Input data:
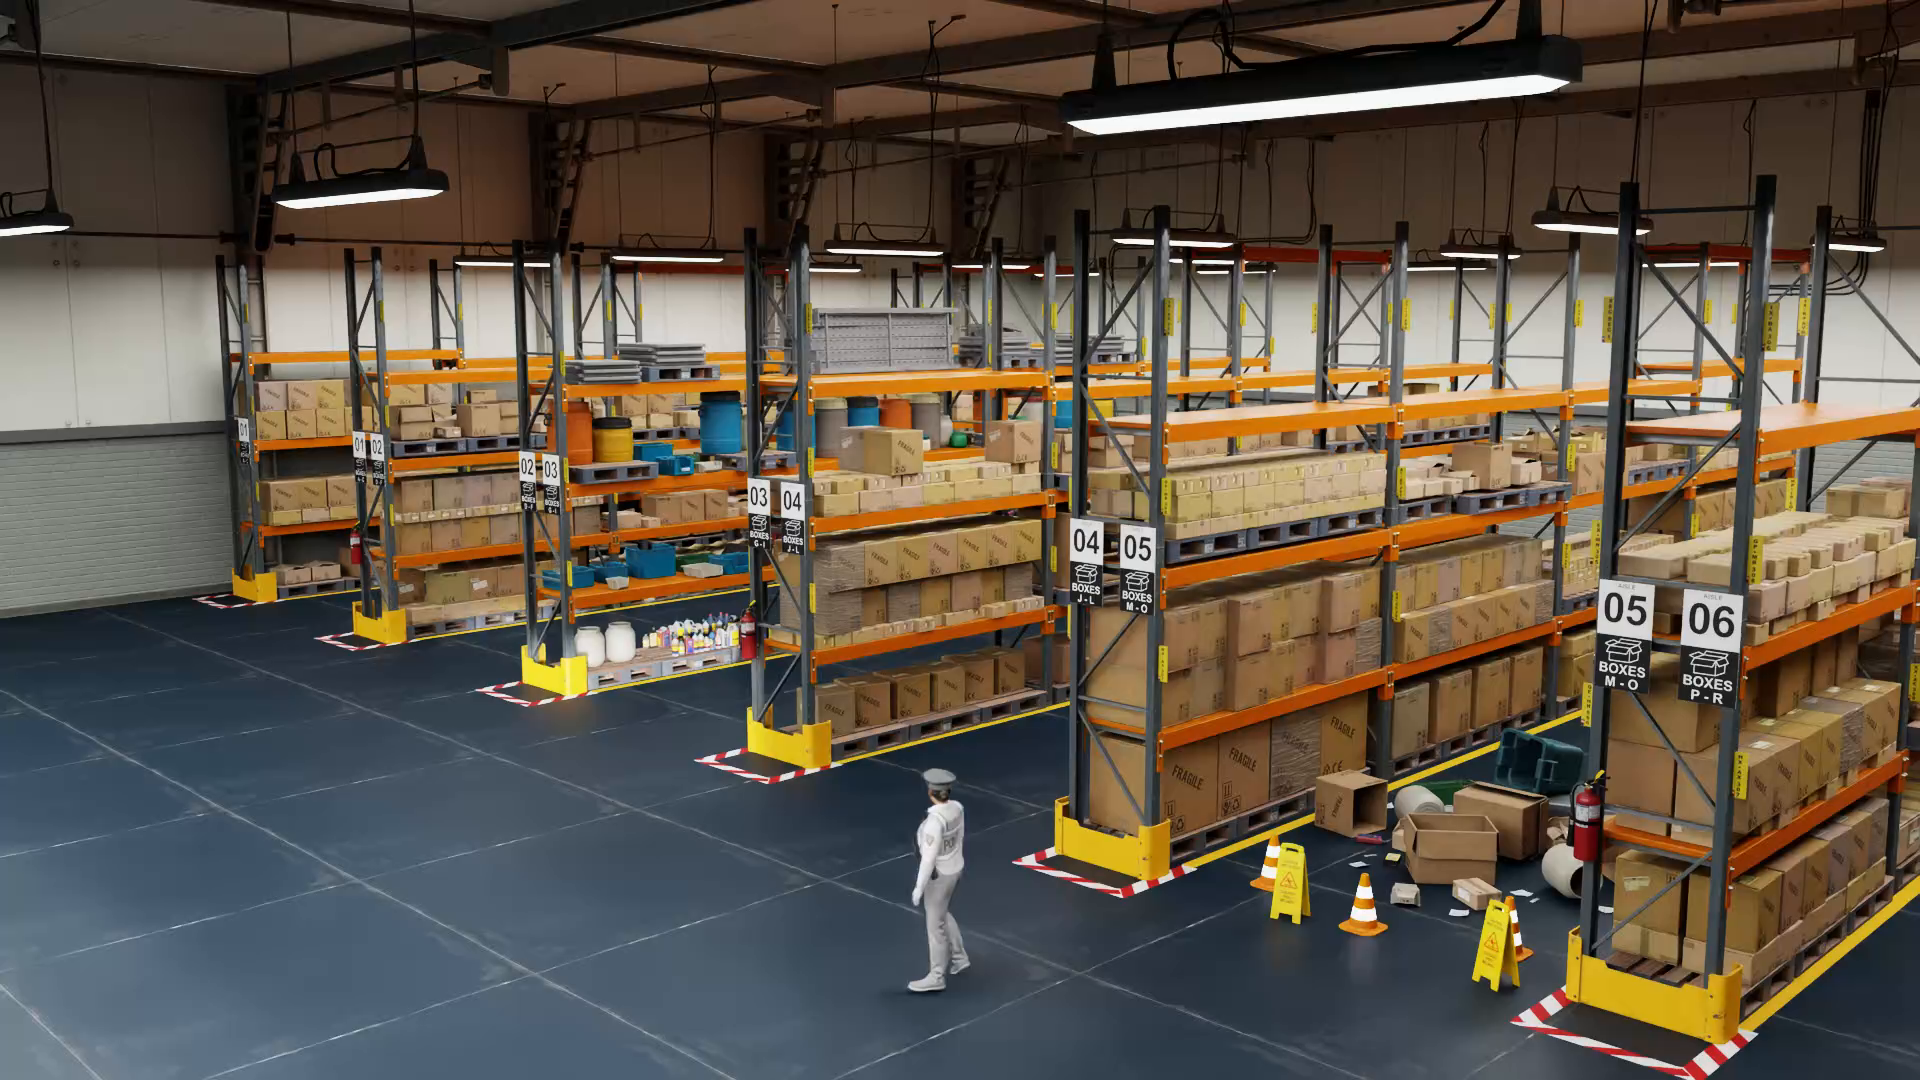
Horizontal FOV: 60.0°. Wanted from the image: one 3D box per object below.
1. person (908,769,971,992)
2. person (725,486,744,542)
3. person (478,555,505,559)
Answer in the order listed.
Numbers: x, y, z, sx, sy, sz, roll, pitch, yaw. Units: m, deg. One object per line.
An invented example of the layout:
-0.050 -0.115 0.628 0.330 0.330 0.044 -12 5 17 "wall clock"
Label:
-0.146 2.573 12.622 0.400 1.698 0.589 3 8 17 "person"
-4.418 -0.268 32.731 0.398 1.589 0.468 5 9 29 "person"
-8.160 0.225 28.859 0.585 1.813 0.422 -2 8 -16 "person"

Task item:
Would you transcribe all of the data exactly, apart from its pictures?

Expected answer:
Horizontal FOV: 60.0°. Wanted from the image: one 3D box per object below.
1. person (908,769,971,992)
2. person (725,486,744,542)
3. person (478,555,505,559)
Answer in the order listed.
Numbers: x, y, z, sx, sy, sz, roll, pitch, yaw. Units: m, deg. One object per line.
An invented example of the layout:
-0.050 -0.115 0.628 0.330 0.330 0.044 -12 5 17 "wall clock"
Label:
-0.146 2.573 12.622 0.400 1.698 0.589 3 8 17 "person"
-4.418 -0.268 32.731 0.398 1.589 0.468 5 9 29 "person"
-8.160 0.225 28.859 0.585 1.813 0.422 -2 8 -16 "person"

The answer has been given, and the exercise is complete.